All records must be restated word for word.

→ Exercise materials
● ● ● ●
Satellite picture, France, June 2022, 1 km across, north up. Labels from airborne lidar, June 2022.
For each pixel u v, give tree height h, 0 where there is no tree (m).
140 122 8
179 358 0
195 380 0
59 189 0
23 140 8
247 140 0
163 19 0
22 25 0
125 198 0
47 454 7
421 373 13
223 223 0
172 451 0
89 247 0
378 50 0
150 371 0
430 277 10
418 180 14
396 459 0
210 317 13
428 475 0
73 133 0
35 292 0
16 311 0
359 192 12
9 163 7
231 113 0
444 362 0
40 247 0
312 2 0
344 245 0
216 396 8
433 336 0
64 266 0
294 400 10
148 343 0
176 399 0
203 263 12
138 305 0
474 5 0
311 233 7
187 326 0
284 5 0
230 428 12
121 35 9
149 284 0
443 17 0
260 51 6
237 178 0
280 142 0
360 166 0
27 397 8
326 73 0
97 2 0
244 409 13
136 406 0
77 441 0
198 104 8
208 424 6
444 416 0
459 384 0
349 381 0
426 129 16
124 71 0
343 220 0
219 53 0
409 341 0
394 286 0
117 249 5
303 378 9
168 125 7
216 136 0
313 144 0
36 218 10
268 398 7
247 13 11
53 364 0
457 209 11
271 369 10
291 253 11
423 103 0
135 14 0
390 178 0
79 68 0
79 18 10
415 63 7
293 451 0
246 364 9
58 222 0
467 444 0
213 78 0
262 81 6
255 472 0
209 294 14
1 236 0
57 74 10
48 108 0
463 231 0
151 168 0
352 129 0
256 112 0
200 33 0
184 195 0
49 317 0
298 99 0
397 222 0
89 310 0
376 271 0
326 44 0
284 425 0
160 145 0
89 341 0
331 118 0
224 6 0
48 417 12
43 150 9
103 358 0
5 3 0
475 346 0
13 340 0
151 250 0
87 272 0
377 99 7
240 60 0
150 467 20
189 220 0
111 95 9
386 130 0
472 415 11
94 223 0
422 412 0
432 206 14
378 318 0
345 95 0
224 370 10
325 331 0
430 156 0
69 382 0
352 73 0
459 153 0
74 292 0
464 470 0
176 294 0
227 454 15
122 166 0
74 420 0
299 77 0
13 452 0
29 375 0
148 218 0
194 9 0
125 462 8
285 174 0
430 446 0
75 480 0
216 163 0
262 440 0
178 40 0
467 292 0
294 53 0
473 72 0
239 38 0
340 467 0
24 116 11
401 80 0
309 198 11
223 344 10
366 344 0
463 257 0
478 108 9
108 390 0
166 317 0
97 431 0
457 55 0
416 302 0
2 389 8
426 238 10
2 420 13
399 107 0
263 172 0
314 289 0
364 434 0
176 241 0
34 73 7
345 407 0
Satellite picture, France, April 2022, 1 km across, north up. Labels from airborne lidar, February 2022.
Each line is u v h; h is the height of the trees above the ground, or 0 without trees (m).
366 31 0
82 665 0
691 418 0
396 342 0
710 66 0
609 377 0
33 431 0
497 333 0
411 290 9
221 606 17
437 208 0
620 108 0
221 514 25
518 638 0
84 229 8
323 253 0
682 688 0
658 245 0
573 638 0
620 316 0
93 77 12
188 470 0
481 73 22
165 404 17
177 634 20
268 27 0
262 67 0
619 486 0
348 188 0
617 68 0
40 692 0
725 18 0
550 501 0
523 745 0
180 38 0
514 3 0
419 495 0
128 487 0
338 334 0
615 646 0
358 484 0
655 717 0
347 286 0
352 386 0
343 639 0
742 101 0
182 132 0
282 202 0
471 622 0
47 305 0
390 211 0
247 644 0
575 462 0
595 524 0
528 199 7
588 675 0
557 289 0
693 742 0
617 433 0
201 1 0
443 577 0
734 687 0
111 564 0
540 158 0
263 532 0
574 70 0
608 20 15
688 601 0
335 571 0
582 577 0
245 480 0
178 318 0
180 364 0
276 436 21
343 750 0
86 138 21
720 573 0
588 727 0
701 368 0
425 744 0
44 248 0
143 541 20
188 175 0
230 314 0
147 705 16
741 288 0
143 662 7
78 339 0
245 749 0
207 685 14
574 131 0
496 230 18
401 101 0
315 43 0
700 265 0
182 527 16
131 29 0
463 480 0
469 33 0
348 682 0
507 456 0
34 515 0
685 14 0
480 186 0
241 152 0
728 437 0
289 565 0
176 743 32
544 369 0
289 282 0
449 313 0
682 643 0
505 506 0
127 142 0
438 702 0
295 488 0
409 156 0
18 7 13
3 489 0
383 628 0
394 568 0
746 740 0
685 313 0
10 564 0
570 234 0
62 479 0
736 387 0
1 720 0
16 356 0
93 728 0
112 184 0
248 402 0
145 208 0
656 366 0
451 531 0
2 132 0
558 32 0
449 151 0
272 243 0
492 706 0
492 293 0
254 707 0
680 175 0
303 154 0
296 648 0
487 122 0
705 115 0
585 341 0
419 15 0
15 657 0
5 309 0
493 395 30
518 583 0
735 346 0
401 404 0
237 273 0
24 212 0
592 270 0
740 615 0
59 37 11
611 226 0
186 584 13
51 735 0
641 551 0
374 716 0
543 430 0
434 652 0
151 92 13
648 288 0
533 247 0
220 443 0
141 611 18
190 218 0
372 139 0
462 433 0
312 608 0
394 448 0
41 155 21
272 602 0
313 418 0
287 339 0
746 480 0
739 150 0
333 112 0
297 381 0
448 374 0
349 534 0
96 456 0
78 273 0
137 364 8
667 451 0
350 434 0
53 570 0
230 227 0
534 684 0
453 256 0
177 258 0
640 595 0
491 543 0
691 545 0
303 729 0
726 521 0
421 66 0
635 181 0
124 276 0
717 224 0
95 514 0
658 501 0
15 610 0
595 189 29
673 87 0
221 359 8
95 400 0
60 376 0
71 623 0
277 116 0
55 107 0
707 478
● ● ● ●
→ Task result
Satellite picture, France, June 2022, 1 km across, north up. Labels from airborne lidar, June 2022.
For each pixel u v, give tree height h, 0 where there is no tree (m).
140 122 8
179 358 0
195 380 0
59 189 0
23 140 8
247 140 0
163 19 0
22 25 0
125 198 0
47 454 7
421 373 13
223 223 0
172 451 0
89 247 0
378 50 0
150 371 0
430 277 10
418 180 14
396 459 0
210 317 13
428 475 0
73 133 0
35 292 0
16 311 0
359 192 12
9 163 7
231 113 0
444 362 0
40 247 0
312 2 0
344 245 0
216 396 8
433 336 0
64 266 0
294 400 10
148 343 0
176 399 0
203 263 12
138 305 0
474 5 0
311 233 7
187 326 0
284 5 0
230 428 12
121 35 9
149 284 0
443 17 0
260 51 6
237 178 0
280 142 0
360 166 0
27 397 8
326 73 0
97 2 0
244 409 13
136 406 0
77 441 0
198 104 8
208 424 6
444 416 0
459 384 0
349 381 0
426 129 16
124 71 0
343 220 0
219 53 0
409 341 0
394 286 0
117 249 5
303 378 9
168 125 7
216 136 0
313 144 0
36 218 10
268 398 7
247 13 11
53 364 0
457 209 11
271 369 10
291 253 11
423 103 0
135 14 0
390 178 0
79 68 0
79 18 10
415 63 7
293 451 0
246 364 9
58 222 0
467 444 0
213 78 0
262 81 6
255 472 0
209 294 14
1 236 0
57 74 10
48 108 0
463 231 0
151 168 0
352 129 0
256 112 0
200 33 0
184 195 0
49 317 0
298 99 0
397 222 0
89 310 0
376 271 0
326 44 0
284 425 0
160 145 0
89 341 0
331 118 0
224 6 0
48 417 12
43 150 9
103 358 0
5 3 0
475 346 0
13 340 0
151 250 0
87 272 0
377 99 7
240 60 0
150 467 20
189 220 0
111 95 9
386 130 0
472 415 11
94 223 0
422 412 0
432 206 14
378 318 0
345 95 0
224 370 10
325 331 0
430 156 0
69 382 0
352 73 0
459 153 0
74 292 0
464 470 0
176 294 0
227 454 15
122 166 0
74 420 0
299 77 0
13 452 0
29 375 0
148 218 0
194 9 0
125 462 8
285 174 0
430 446 0
75 480 0
216 163 0
262 440 0
178 40 0
467 292 0
294 53 0
473 72 0
239 38 0
340 467 0
24 116 11
401 80 0
309 198 11
223 344 10
366 344 0
463 257 0
478 108 9
108 390 0
166 317 0
97 431 0
457 55 0
416 302 0
2 389 8
426 238 10
2 420 13
399 107 0
263 172 0
314 289 0
364 434 0
176 241 0
34 73 7
345 407 0
Satellite picture, France, April 2022, 1 km across, north up. Labels from airborne lidar, February 2022.
Each line is u v h; h is the height of the trees above the ground, or 0 without trees (m).
366 31 0
82 665 0
691 418 0
396 342 0
710 66 0
609 377 0
33 431 0
497 333 0
411 290 9
221 606 17
437 208 0
620 108 0
221 514 25
518 638 0
84 229 8
323 253 0
682 688 0
658 245 0
573 638 0
620 316 0
93 77 12
188 470 0
481 73 22
165 404 17
177 634 20
268 27 0
262 67 0
619 486 0
348 188 0
617 68 0
40 692 0
725 18 0
550 501 0
523 745 0
180 38 0
514 3 0
419 495 0
128 487 0
338 334 0
615 646 0
358 484 0
655 717 0
347 286 0
352 386 0
343 639 0
742 101 0
182 132 0
282 202 0
471 622 0
47 305 0
390 211 0
247 644 0
575 462 0
595 524 0
528 199 7
588 675 0
557 289 0
693 742 0
617 433 0
201 1 0
443 577 0
734 687 0
111 564 0
540 158 0
263 532 0
574 70 0
608 20 15
688 601 0
335 571 0
582 577 0
245 480 0
178 318 0
180 364 0
276 436 21
343 750 0
86 138 21
720 573 0
588 727 0
701 368 0
425 744 0
44 248 0
143 541 20
188 175 0
230 314 0
147 705 16
741 288 0
143 662 7
78 339 0
245 749 0
207 685 14
574 131 0
496 230 18
401 101 0
315 43 0
700 265 0
182 527 16
131 29 0
463 480 0
469 33 0
348 682 0
507 456 0
34 515 0
685 14 0
480 186 0
241 152 0
728 437 0
289 565 0
176 743 32
544 369 0
289 282 0
449 313 0
682 643 0
505 506 0
127 142 0
438 702 0
295 488 0
409 156 0
18 7 13
3 489 0
383 628 0
394 568 0
746 740 0
685 313 0
10 564 0
570 234 0
62 479 0
736 387 0
1 720 0
16 356 0
93 728 0
112 184 0
248 402 0
145 208 0
656 366 0
451 531 0
2 132 0
558 32 0
449 151 0
272 243 0
492 706 0
492 293 0
254 707 0
680 175 0
303 154 0
296 648 0
487 122 0
705 115 0
585 341 0
419 15 0
15 657 0
5 309 0
493 395 30
518 583 0
735 346 0
401 404 0
237 273 0
24 212 0
592 270 0
740 615 0
59 37 11
611 226 0
186 584 13
51 735 0
641 551 0
374 716 0
543 430 0
434 652 0
151 92 13
648 288 0
533 247 0
220 443 0
141 611 18
190 218 0
372 139 0
462 433 0
312 608 0
394 448 0
41 155 21
272 602 0
313 418 0
287 339 0
746 480 0
739 150 0
333 112 0
297 381 0
448 374 0
349 534 0
96 456 0
78 273 0
137 364 8
667 451 0
350 434 0
53 570 0
230 227 0
534 684 0
453 256 0
177 258 0
640 595 0
491 543 0
691 545 0
303 729 0
726 521 0
421 66 0
635 181 0
124 276 0
717 224 0
95 514 0
658 501 0
15 610 0
595 189 29
673 87 0
221 359 8
95 400 0
60 376 0
71 623 0
277 116 0
55 107 0
707 478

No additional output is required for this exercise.